Mulsanne Group Holding Limited

慕尚集團控股有限公司

(Incorporated in the Cayman Islands with limited liability)

(Stock code: 1817)

PROXY FORM

FOR ANNUAL GENERAL MEETING TO BE HELD ON THURSDAY, 5 JUNE 2025 OR ANY ADJOURNMENT THEREOF

I/We $^{(Note1)}$

of

being the registered holder(s) of $^{(Note2)}$ _________ ordinary shares of HK$0.01 each in the share capital of Mulsanne Group Holding Limited (the "Company") HEREBY APPOINT $^{(Note3)}$ the chairman of the meeting or

of

or as my/our proxy(ies) to attend for me/us and on my/our behalf at the annual general meeting (the "AGM") of the Company to be held at No. 111, Shanshan Road, Wangchun Industrial Park, Haishu District, Ningbo, Zhejiang Province, PRC on Thursday, 5 June 2025 at 10:00 a.m. for the purposes of considering and, if thought fit, passing the resolutions set out in the notice convening the AGM of the Company dated 14 May 2025 (the "Notice of AGM") and at the AGM, or at any adjournment thereof, to vote for me/us and in my/our name(s) in respect of the said resolutions as hereunder indicated, and if no such indication is given, as my/our proxy thinks fit.
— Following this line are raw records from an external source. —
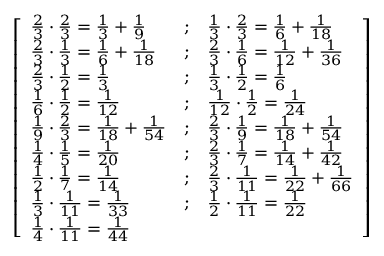Convert formula to latex. <formula><loc_0><loc_0><loc_500><loc_500>{ \left [ \begin{array} { l l l } { { \frac { 2 } { 3 } } \cdot { \frac { 2 } { 3 } } = { \frac { 1 } { 3 } } + { \frac { 1 } { 9 } } } & { ; } & { { \frac { 1 } { 3 } } \cdot { \frac { 2 } { 3 } } = { \frac { 1 } { 6 } } + { \frac { 1 } { 1 8 } } } \\ { { \frac { 2 } { 3 } } \cdot { \frac { 1 } { 3 } } = { \frac { 1 } { 6 } } + { \frac { 1 } { 1 8 } } } & { ; } & { { \frac { 2 } { 3 } } \cdot { \frac { 1 } { 6 } } = { \frac { 1 } { 1 2 } } + { \frac { 1 } { 3 6 } } } \\ { { \frac { 2 } { 3 } } \cdot { \frac { 1 } { 2 } } = { \frac { 1 } { 3 } } } & { ; } & { { \frac { 1 } { 3 } } \cdot { \frac { 1 } { 2 } } = { \frac { 1 } { 6 } } } \\ { { \frac { 1 } { 6 } } \cdot { \frac { 1 } { 2 } } = { \frac { 1 } { 1 2 } } } & { ; } & { { \frac { 1 } { 1 2 } } \cdot { \frac { 1 } { 2 } } = { \frac { 1 } { 2 4 } } } \\ { { \frac { 1 } { 9 } } \cdot { \frac { 2 } { 3 } } = { \frac { 1 } { 1 8 } } + { \frac { 1 } { 5 4 } } } & { ; } & { { \frac { 2 } { 3 } } \cdot { \frac { 1 } { 9 } } = { \frac { 1 } { 1 8 } } + { \frac { 1 } { 5 4 } } } \\ { { \frac { 1 } { 4 } } \cdot { \frac { 1 } { 5 } } = { \frac { 1 } { 2 0 } } } & { ; } & { { \frac { 2 } { 3 } } \cdot { \frac { 1 } { 7 } } = { \frac { 1 } { 1 4 } } + { \frac { 1 } { 4 2 } } } \\ { { \frac { 1 } { 2 } } \cdot { \frac { 1 } { 7 } } = { \frac { 1 } { 1 4 } } } & { ; } & { { \frac { 2 } { 3 } } \cdot { \frac { 1 } { 1 1 } } = { \frac { 1 } { 2 2 } } + { \frac { 1 } { 6 6 } } } \\ { { \frac { 1 } { 3 } } \cdot { \frac { 1 } { 1 1 } } = { \frac { 1 } { 3 3 } } } & { ; } & { { \frac { 1 } { 2 } } \cdot { \frac { 1 } { 1 1 } } = { \frac { 1 } { 2 2 } } } \\ { { \frac { 1 } { 4 } } \cdot { \frac { 1 } { 1 1 } } = { \frac { 1 } { 4 4 } } } & & \end{array} \right ] }</formula> 
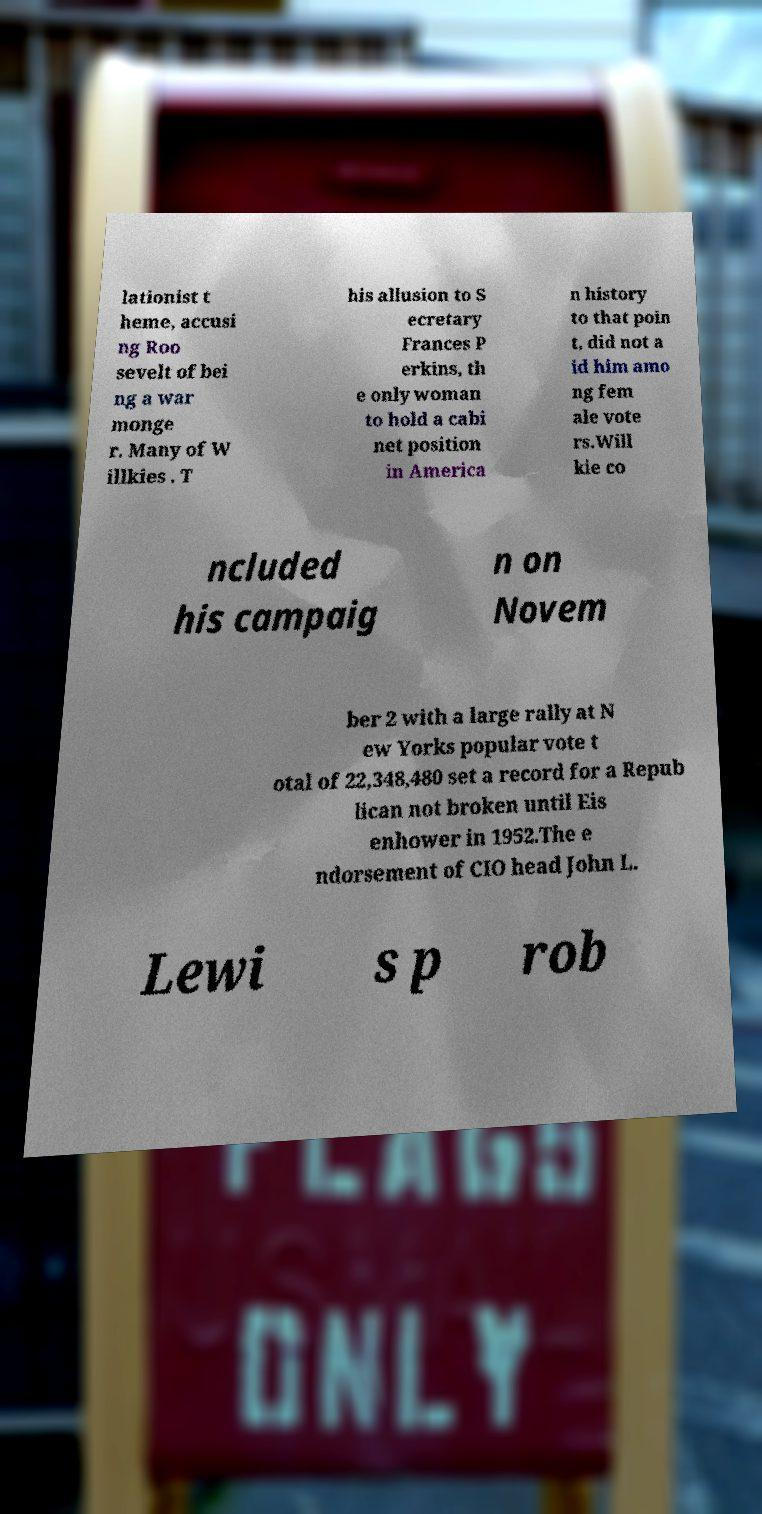Could you assist in decoding the text presented in this image and type it out clearly? lationist t heme, accusi ng Roo sevelt of bei ng a war monge r. Many of W illkies . T his allusion to S ecretary Frances P erkins, th e only woman to hold a cabi net position in America n history to that poin t, did not a id him amo ng fem ale vote rs.Will kie co ncluded his campaig n on Novem ber 2 with a large rally at N ew Yorks popular vote t otal of 22,348,480 set a record for a Repub lican not broken until Eis enhower in 1952.The e ndorsement of CIO head John L. Lewi s p rob 
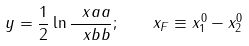<formula> <loc_0><loc_0><loc_500><loc_500>y = \frac { 1 } { 2 } \ln \frac { \ x a a } { \ x b b } ; \quad x _ { F } \equiv x _ { 1 } ^ { 0 } - x _ { 2 } ^ { 0 }</formula> 
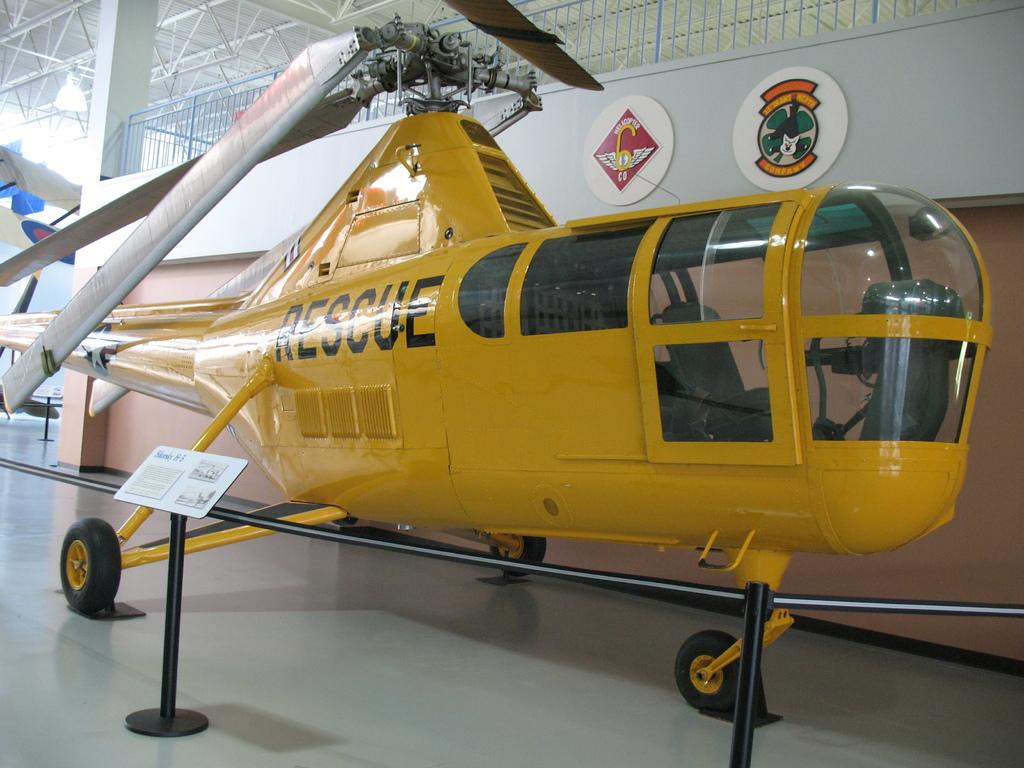<image>
Share a concise interpretation of the image provided. A yellow helicopter has the word rescue on the side of it. 
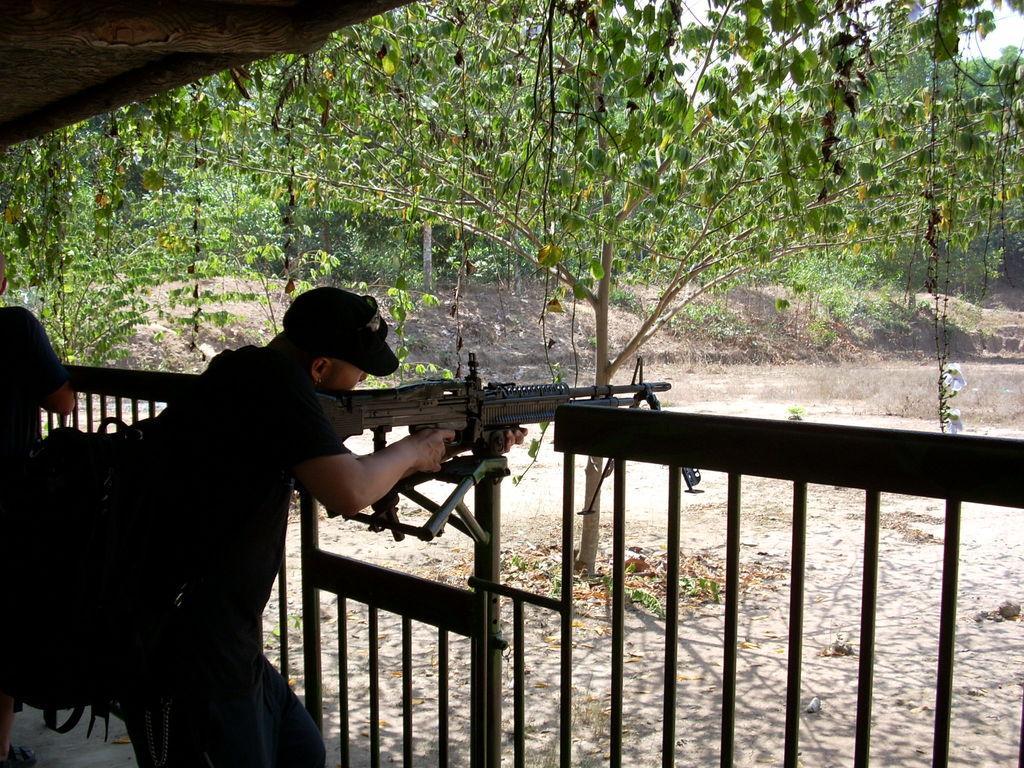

ORDINARY RESOLUTIONS For^{(Note 4)} Against^{(Note 4)}
1. To receive and adopt the audited consolidated financial statements of the Company and its subsidiaries and the reports of the directors and auditor for the year ended 31 December 2024.
2. (A) To re-elect the following persons as the directors of the Company (the "Directors"):
(i) Mr. TANG Shun Lam as a non-executive Director;
(ii) Mr. YANG Herong as a non-executive Director; and
(iii) Mr. TIAN Min as a non-executive Director.
(B) To authorize the board of Directors (the "Board") to fix the remuneration of the Directors.
3. To re-appoint Ernst & Young as the auditor of the Company and authorize the Board to fix its remuneration.
4. (A) To give a general mandate to the Directors to allot, issue and deal with additional shares (including any sale or transfer of treasury shares out of the treasury) of the Company not exceeding 20% of the number of the issued shares of the Company (excluding any treasury shares).
(B) To give a general mandate to the Directors to repurchase shares not exceeding 10% of the number of the issued shares of the Company (excluding any treasury shares) as at the date of this resolution.
(C) To extend the authority given to the Directors pursuant to ordinary resolution No. 4(A) to issue shares of the Company by adding to the issued shares of the Company the number of shares repurchased under ordinary resolution No. 4(B).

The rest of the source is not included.